For a complete implementation example, see `references/full_example.py`.

Overview

This skill implements a hybrid Knowledge Graph bridge that links structured domain data (CSV, databases) with lexical graphs extracted from unstructured documents (PDFs, text). It defines a schema-driven extraction pipeline and a reliable join key pattern so domain nodes and LLM-extracted entities connect in neo4j. Use it to enable GraphRAG, metadata-enriched ingestion, and consistent KG construction from heterogeneous sources.

How this skill works

You specify a lexical graph schema (node types, relationship types, and valid patterns) then run a SimpleKGPipeline that splits text, calls an LLM to extract nodes/relations, and writes Document nodes with a path property. Structured rows are transformed into dictionaries and enriched with the exact file path used by the pipeline.

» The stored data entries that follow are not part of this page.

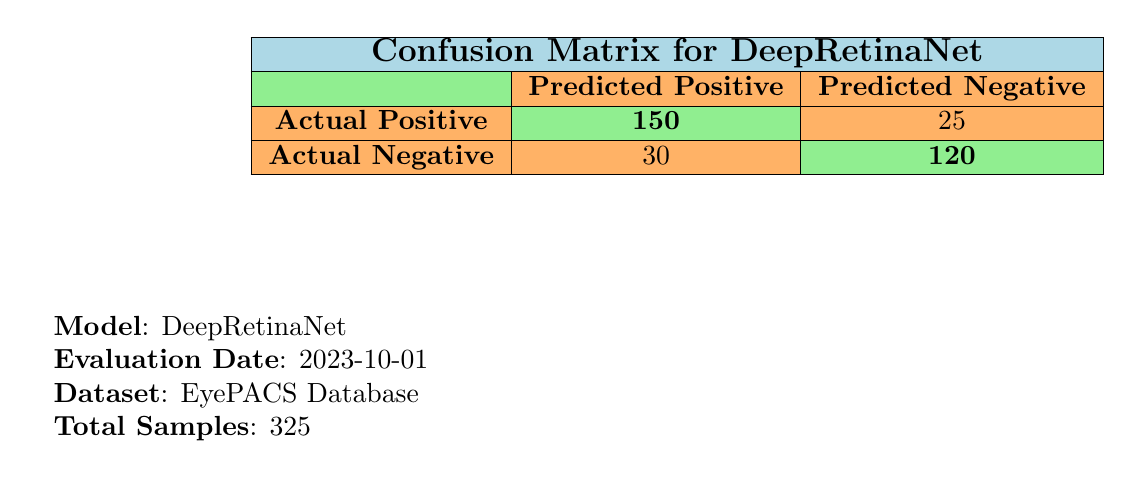What is the number of true positives in the confusion matrix? The table shows that the true positives are listed under "Actual Positive" in the "Predicted Positive" column. The value is 150.
Answer: 150 What is the number of false negatives in the confusion matrix? In the table, false negatives are found under "Actual Positive" in the "Predicted Negative" column. The value is 25.
Answer: 25 What is the total number of samples evaluated? The total number of samples is indicated in the notes below the table, which states the total samples evaluated are 325.
Answer: 325 Is the model DeepRetinaNet effective in reducing false positives? To determine efficiency in reducing false positives, we compare the number of false positives (30) and the true negatives (120). A lower number of false positives relative to true negatives indicates effectiveness. In this case, yes, it has a reasonable rate of false positives relative to true negatives.
Answer: Yes What is the sum of true positives and true negatives? The sum can be calculated by adding the values of true positives (150) and true negatives (120) together. So, 150 + 120 = 270.
Answer: 270 How many actual positives are there based on the confusion matrix? Actual positives can be found by adding true positives and false negatives. True positives are 150 and false negatives are 25, so 150 + 25 = 175.
Answer: 175 What percentage of total samples are false positives? The percentage is calculated by taking the number of false positives (30), dividing it by the total samples (325), and then multiplying by 100. (30 / 325) * 100 = 9.23%.
Answer: 9.23% What are the predicted negative outcomes in total? The total of predicted negatives includes true negatives and false negatives, which are 120 and 25, respectively. So, their sum is 120 + 25 = 145.
Answer: 145 How does the number of predicted positives compare to predicted negatives? We compare the number of predicted positives (true positives plus false positives: 150 + 30 = 180) to predicted negatives (true negatives plus false negatives: 120 + 25 = 145). Predicted positives (180) are greater than predicted negatives (145).
Answer: Predicted positives are greater

A Cypher MERGE using the shared path attaches domain entities to the lexical graph, producing a unified hybrid Knowledge Graph.

When to use it

Ingesting PDFs or text alongside CSV or database records and wanting them connected in one KG.
Building GraphRAG retrieval where document-level metadata must map to extracted entities.
Creating a lineage between curated domain entities and LLM-extracted concepts or relations.
Enriching document ingestion with structured metadata for downstream querying and analytics.

Best practices

Define a clear lexical schema before extraction: list node types, relationship types, and allowed patterns.
Use a deterministic file path value as the join key and ensure CSV/database rows include that exact path.
Keep extraction temperature low and enforce structured response formats so the LLM follows the schema.
Validate bridge integrity regularly with Cypher queries that detect orphaned Documents or DomainEntity nodes.
Store typed properties on reference nodes to improve matching and downstream filtering.

Example use cases

Attach invoice PDFs to financial ledger rows so extracted line items and domain accounts link for auditing.
Index research papers and connect extracted concepts to a curated taxonomy stored in a database.
Ingest technical documentation and map LLM-extracted processes to product entities from a CSV inventory.
Power a QA system that pulls context from document extracts while showing authoritative domain metadata.

FAQ

What must match exactly to create the bridge?

The file path value stored on Document.path must match the key you add to your structured record; they are used as the join parameter in Cypher.

How do I detect broken bridges?

Run Cypher queries that find Document nodes without BELONGS_TO relations and DomainEntity nodes without incoming BELONGS_TO relationships.